What to work on
Please write out the lines of the data exactly, beginning with the first and ending with the line containing "watering can,1.193,0.056,2.304,0.369,0.263,0.140,-13,27,-16"; leave the pictures behind.

Saved entries:
+--

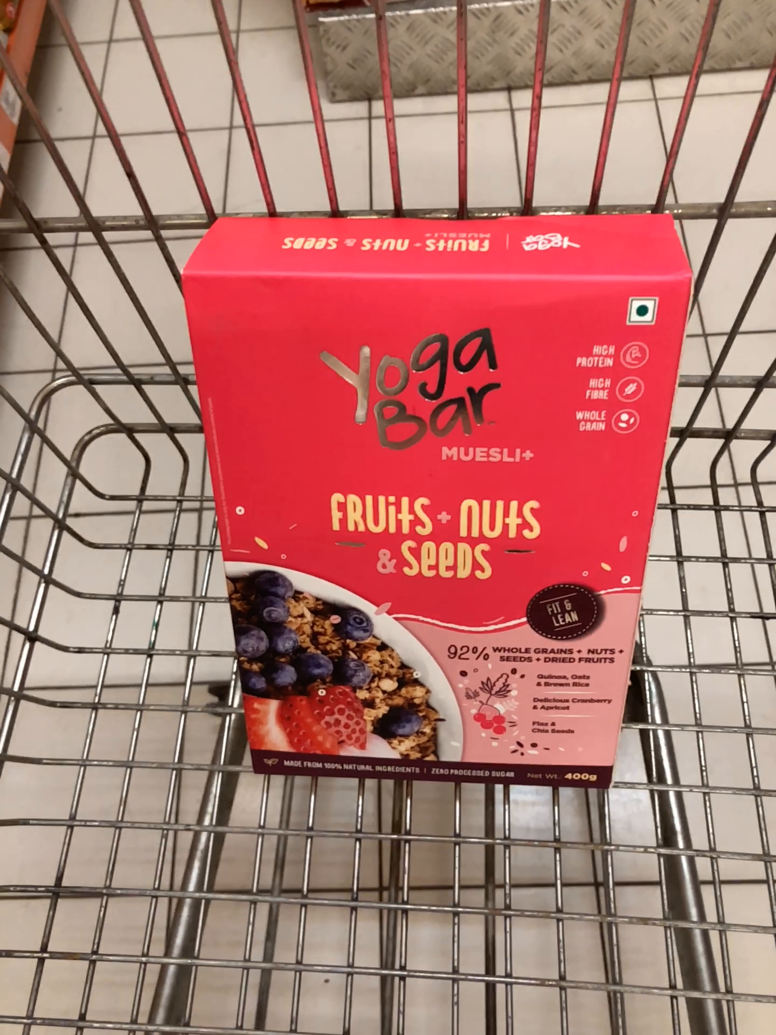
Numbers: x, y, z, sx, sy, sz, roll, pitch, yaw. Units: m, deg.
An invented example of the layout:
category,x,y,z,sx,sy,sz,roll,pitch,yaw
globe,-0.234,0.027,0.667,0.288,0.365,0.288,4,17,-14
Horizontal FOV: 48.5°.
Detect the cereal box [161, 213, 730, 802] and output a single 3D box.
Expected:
category,x,y,z,sx,sy,sz,roll,pitch,yaw
cereal box,0.020,0.008,0.349,0.170,0.239,0.060,2,34,5
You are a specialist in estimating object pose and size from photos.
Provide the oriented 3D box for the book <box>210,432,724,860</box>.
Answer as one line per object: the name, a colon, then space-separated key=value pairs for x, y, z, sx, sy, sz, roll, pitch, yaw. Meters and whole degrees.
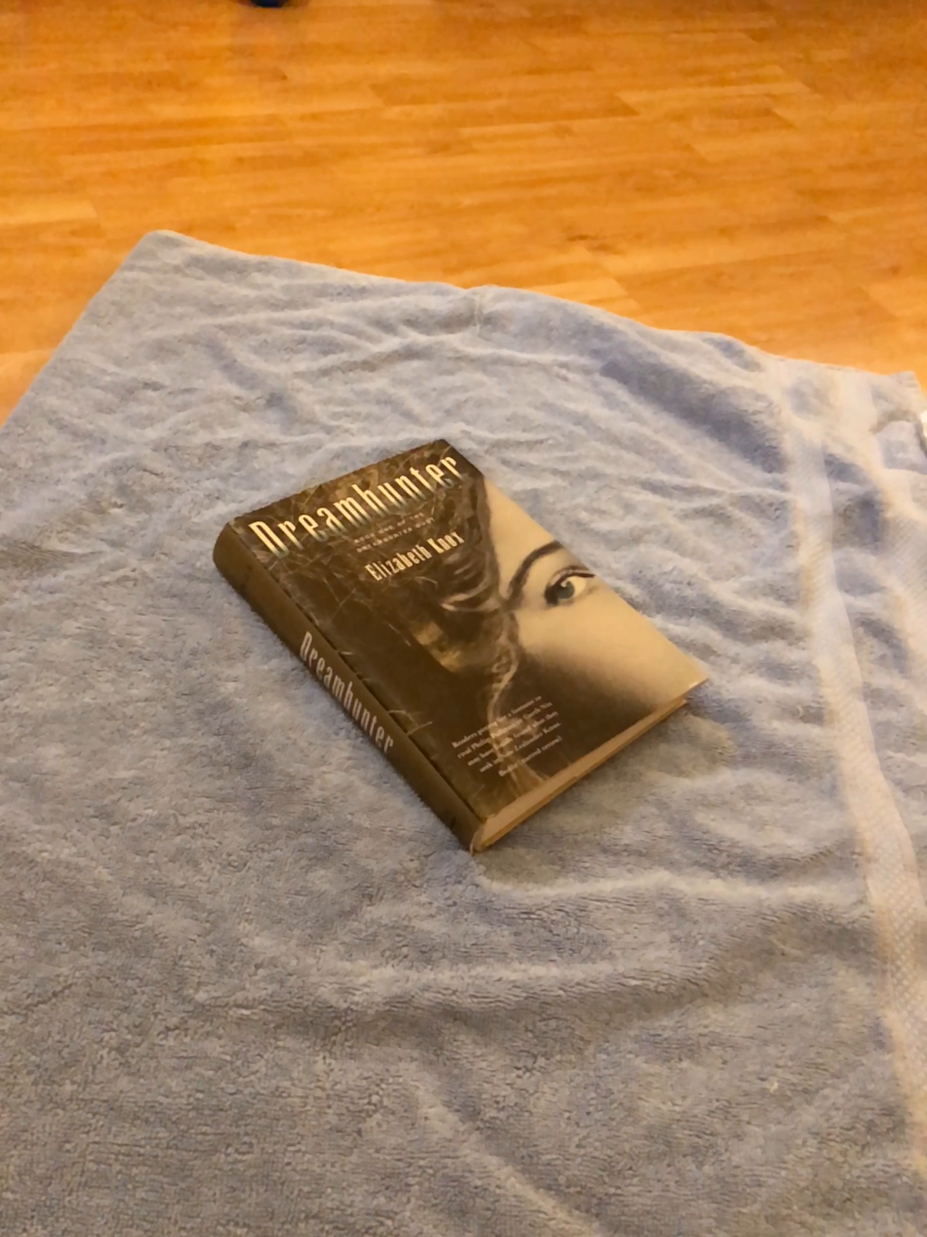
book: x=-0.004 y=-0.003 z=0.542 sx=0.164 sy=0.030 sz=0.225 roll=-27 pitch=55 yaw=-30
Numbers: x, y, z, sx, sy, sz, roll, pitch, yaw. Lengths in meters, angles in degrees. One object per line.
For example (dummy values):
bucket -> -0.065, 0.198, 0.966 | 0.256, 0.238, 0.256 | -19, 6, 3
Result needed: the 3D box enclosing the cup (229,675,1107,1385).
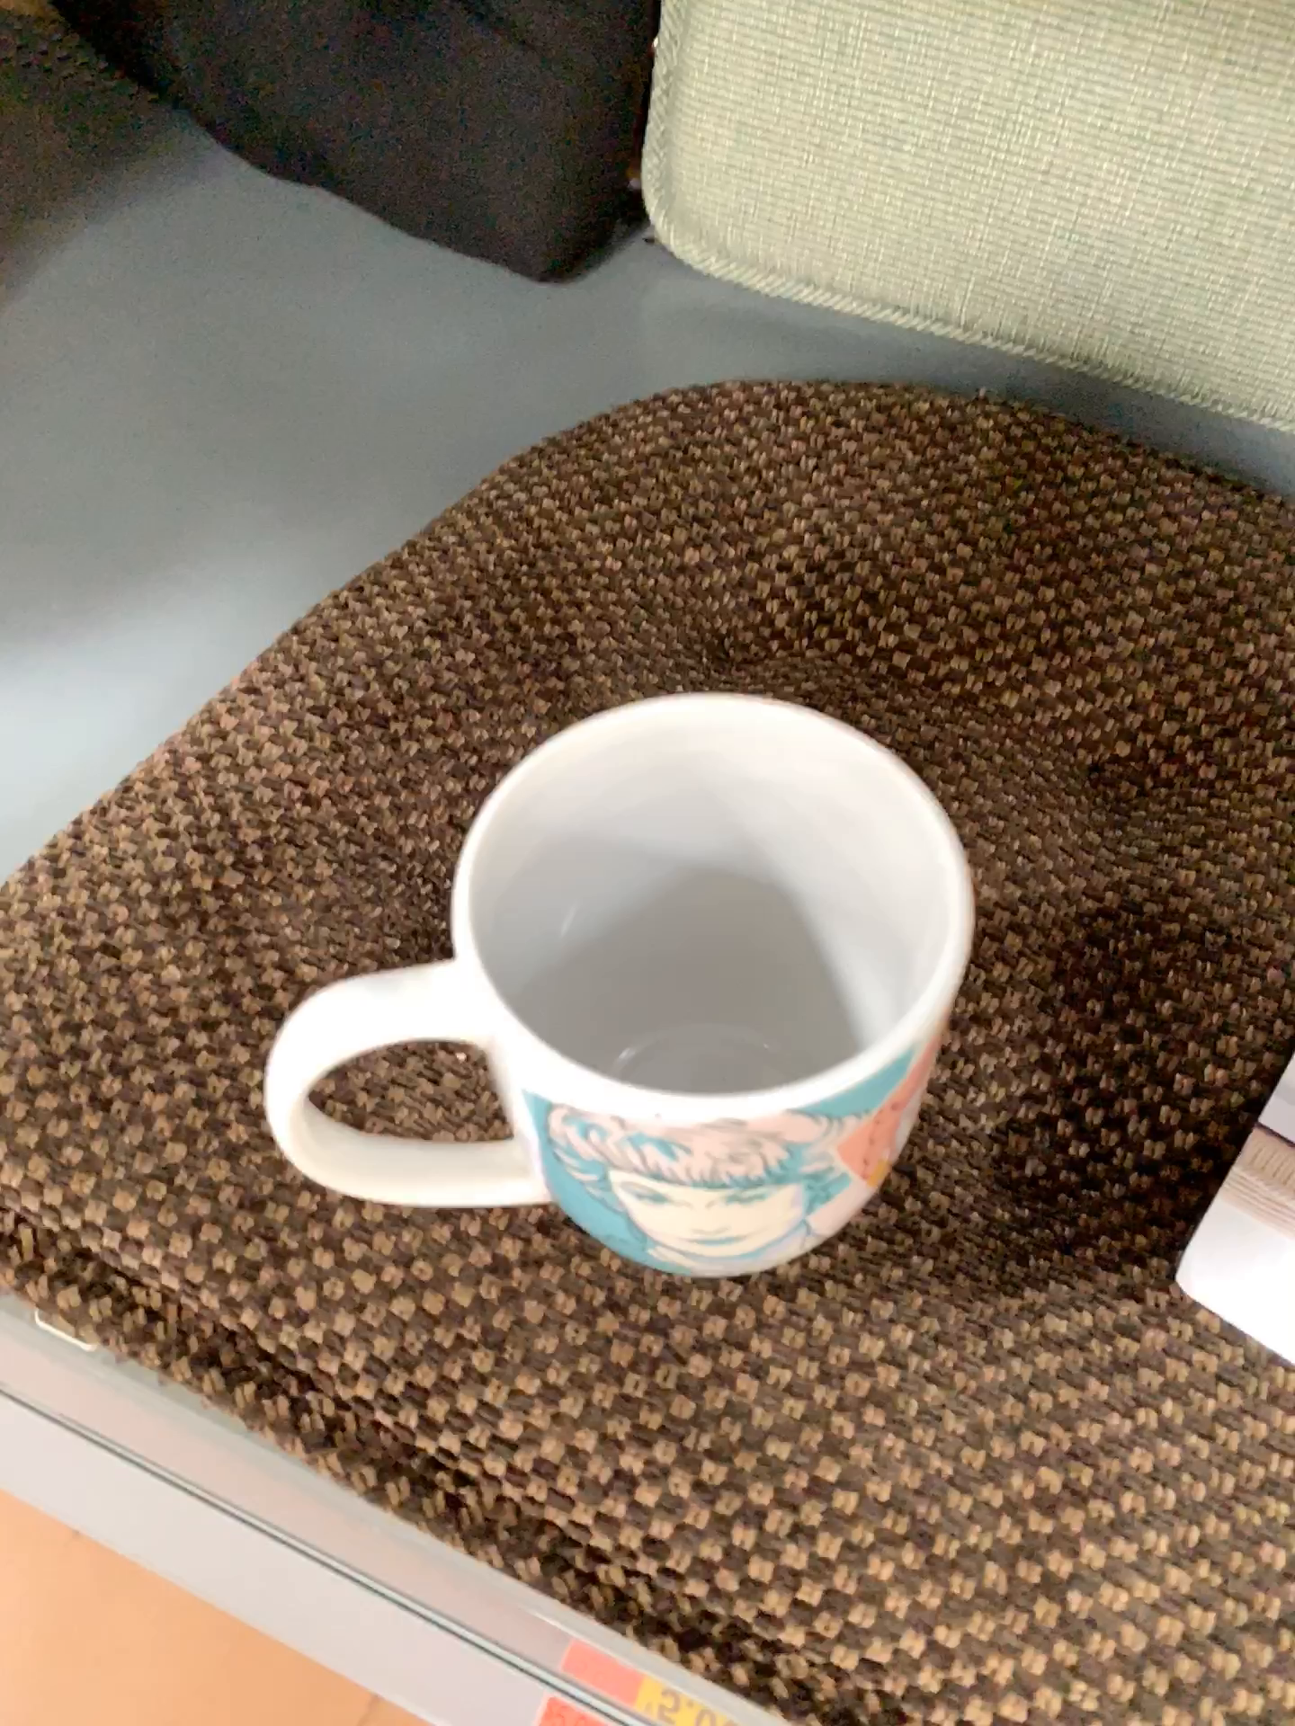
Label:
cup -> -0.001, 0.035, 0.259 | 0.128, 0.100, 0.090 | -5, 55, -4
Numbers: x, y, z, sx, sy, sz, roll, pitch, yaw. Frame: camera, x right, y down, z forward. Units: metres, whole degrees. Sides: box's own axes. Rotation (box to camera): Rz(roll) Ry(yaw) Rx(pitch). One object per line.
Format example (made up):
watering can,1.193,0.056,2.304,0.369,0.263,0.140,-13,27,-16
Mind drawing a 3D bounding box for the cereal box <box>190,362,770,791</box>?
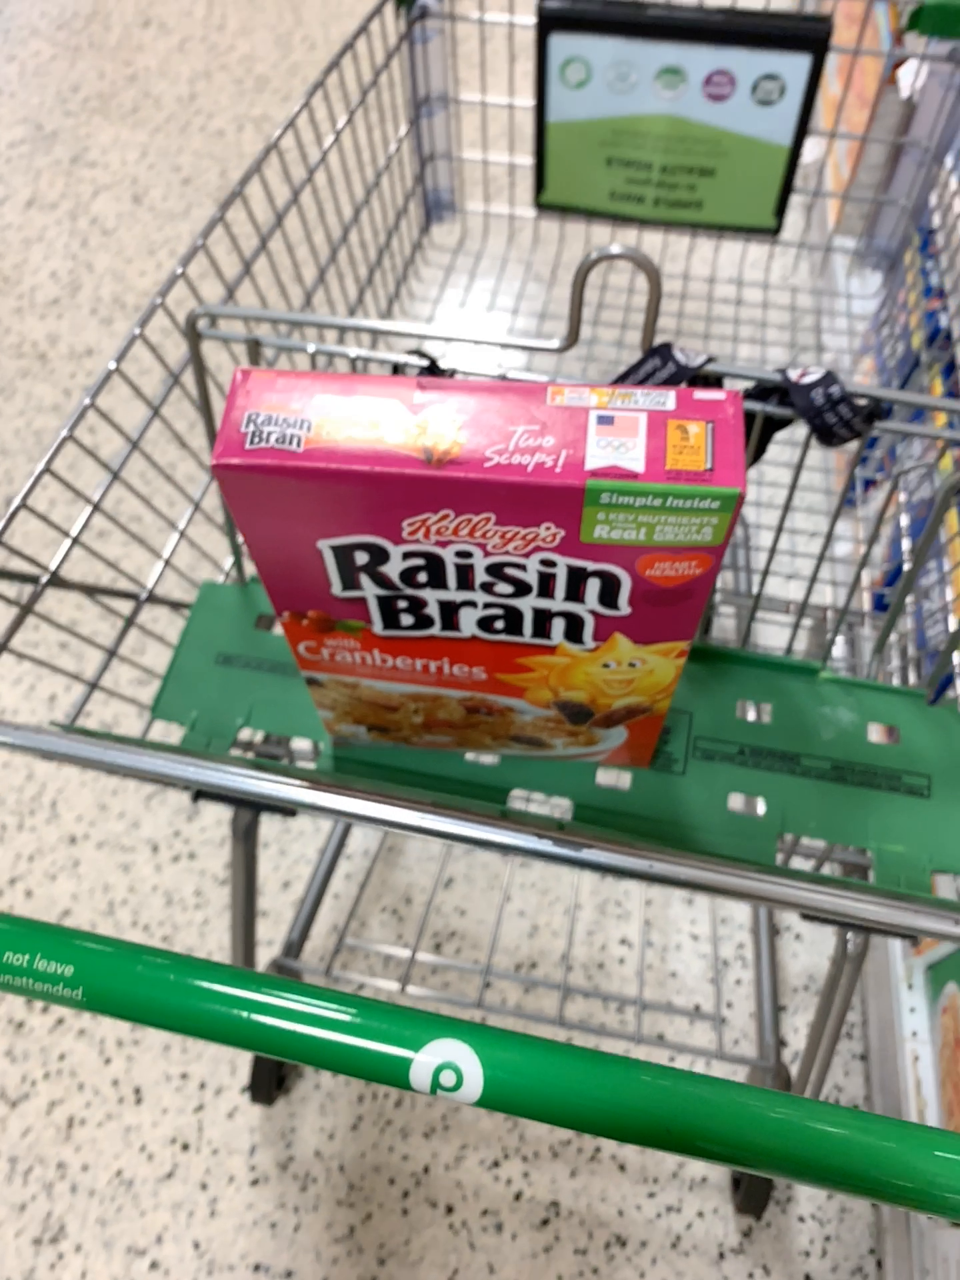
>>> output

+--

Expected answer
Numbers: x, y, z, sx, sy, sz, roll, pitch, yaw. Units: m, deg.
An invented example of the layout:
category,x,y,z,sx,sy,sz,roll,pitch,yaw
globe,-0.234,0.027,0.667,0.288,0.365,0.288,4,17,-14
Horizontal FOV: 48.5°.
Detect the cereal box [161, 213, 730, 802] and output a single 3D box.
Expected:
category,x,y,z,sx,sy,sz,roll,pitch,yaw
cereal box,0.020,0.008,0.349,0.170,0.239,0.060,2,34,5
You are a specialist in estimating object pose and size from photos.
Provide the oriented 3D box for the book <box>210,432,724,860</box>.
Answer as one line per object: the name, a colon, then space-separated key=value pairs for x, y, z, sx, sy, sz, roll, pitch, yaw. Meters and whole degrees.
book: x=-0.004 y=-0.003 z=0.542 sx=0.164 sy=0.030 sz=0.225 roll=-27 pitch=55 yaw=-30
Numbers: x, y, z, sx, sy, sz, roll, pitch, yaw. Lengths in meters, angles in degrees. One object per line.
For example (dummy values):
bucket -> -0.065, 0.198, 0.966 | 0.256, 0.238, 0.256 | -19, 6, 3
Result needed: the 3D box enclosing the cup (229,675,1107,1385).
Label:
cup -> -0.001, 0.035, 0.259 | 0.128, 0.100, 0.090 | -5, 55, -4
Numbers: x, y, z, sx, sy, sz, roll, pitch, yaw. Frame: camera, x right, y down, z forward. Units: metres, whole degrees. Sides: box's own axes. Rotation (box to camera): Rz(roll) Ry(yaw) Rx(pitch). One object per line.
Format example (made up):
watering can,1.193,0.056,2.304,0.369,0.263,0.140,-13,27,-16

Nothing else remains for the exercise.